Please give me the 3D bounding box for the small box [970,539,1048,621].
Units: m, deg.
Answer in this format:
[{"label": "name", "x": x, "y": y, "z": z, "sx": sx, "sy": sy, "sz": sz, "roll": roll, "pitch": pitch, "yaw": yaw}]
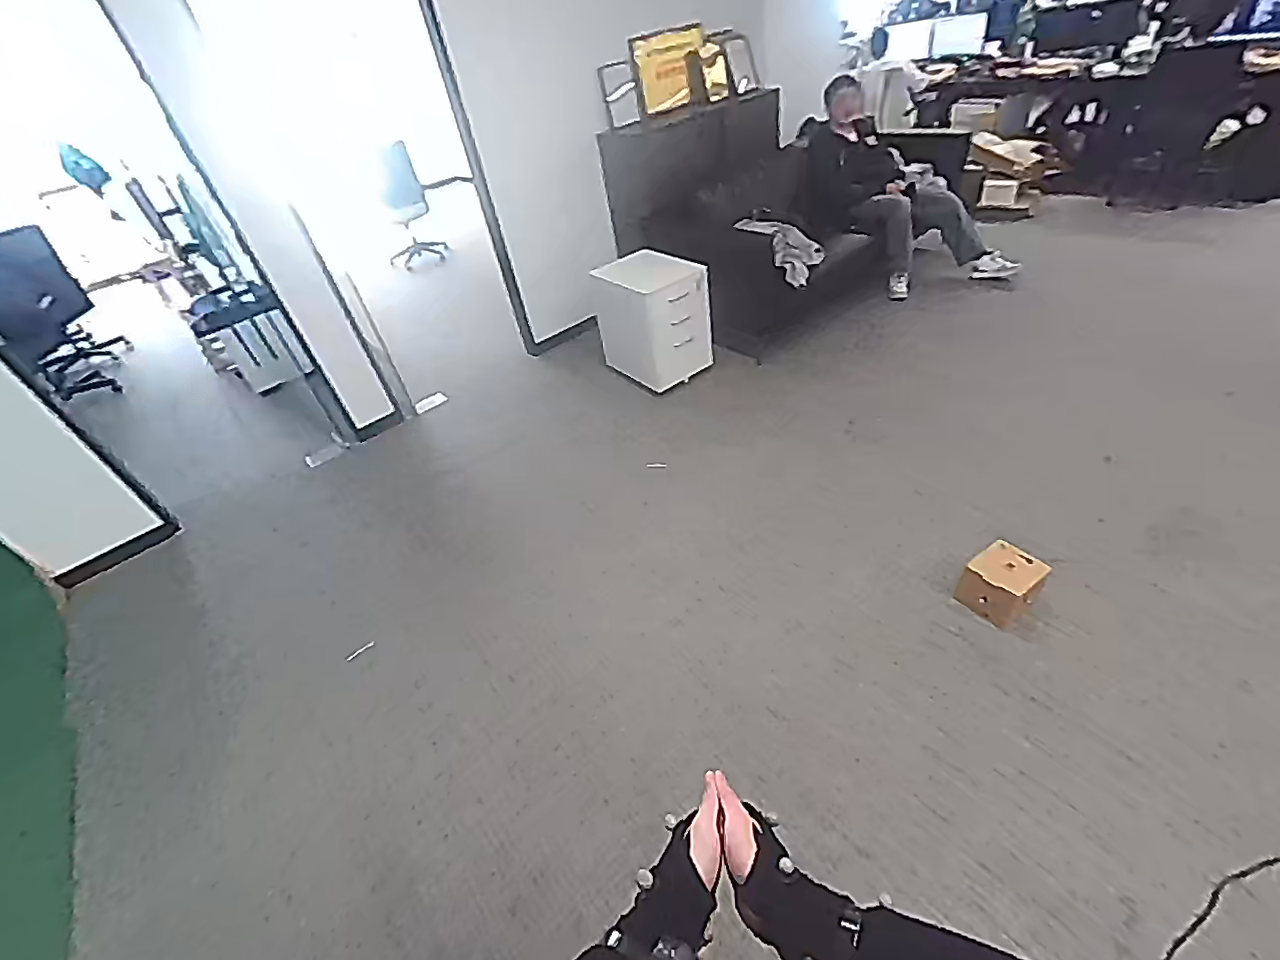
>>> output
[{"label": "small box", "x": 1.150, "y": 0.315, "z": 1.692, "sx": 0.179, "sy": 0.176, "sz": 0.168, "roll": 11, "pitch": 43, "yaw": 27}]
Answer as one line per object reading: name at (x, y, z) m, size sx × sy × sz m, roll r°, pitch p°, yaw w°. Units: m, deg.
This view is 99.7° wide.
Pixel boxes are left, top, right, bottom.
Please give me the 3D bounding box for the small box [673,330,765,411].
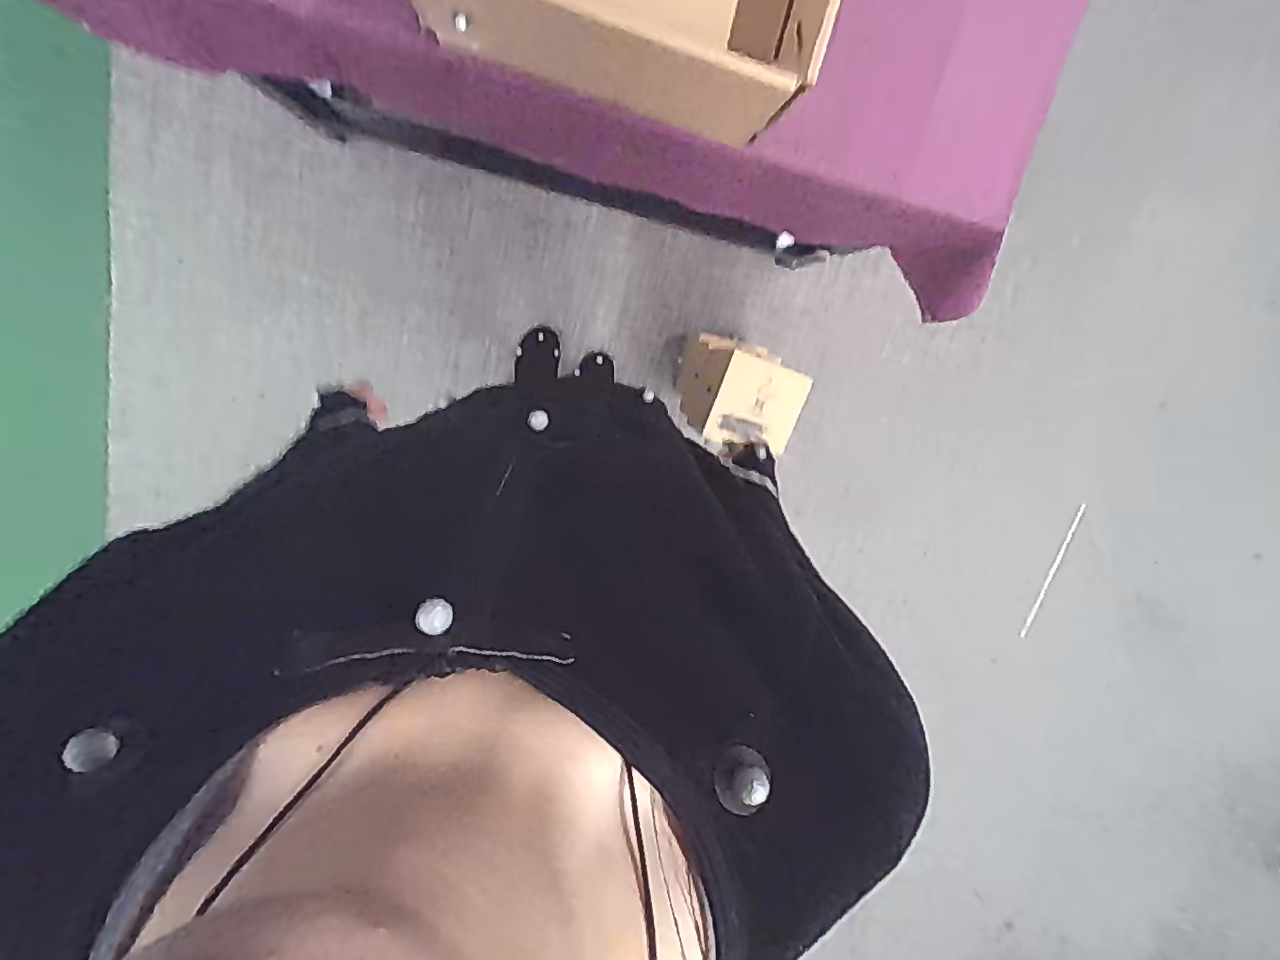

· · · ·

Required work:
Skip every picture and retype only the lines from the line with "Pixel boxes are left, top, right, bottom." through the last line of the listing, both ends included, exactly as they appear.

Response below:
Pixel boxes are left, top, right, bottom.
Please give me the 3D bounding box for the small box [673,330,765,411].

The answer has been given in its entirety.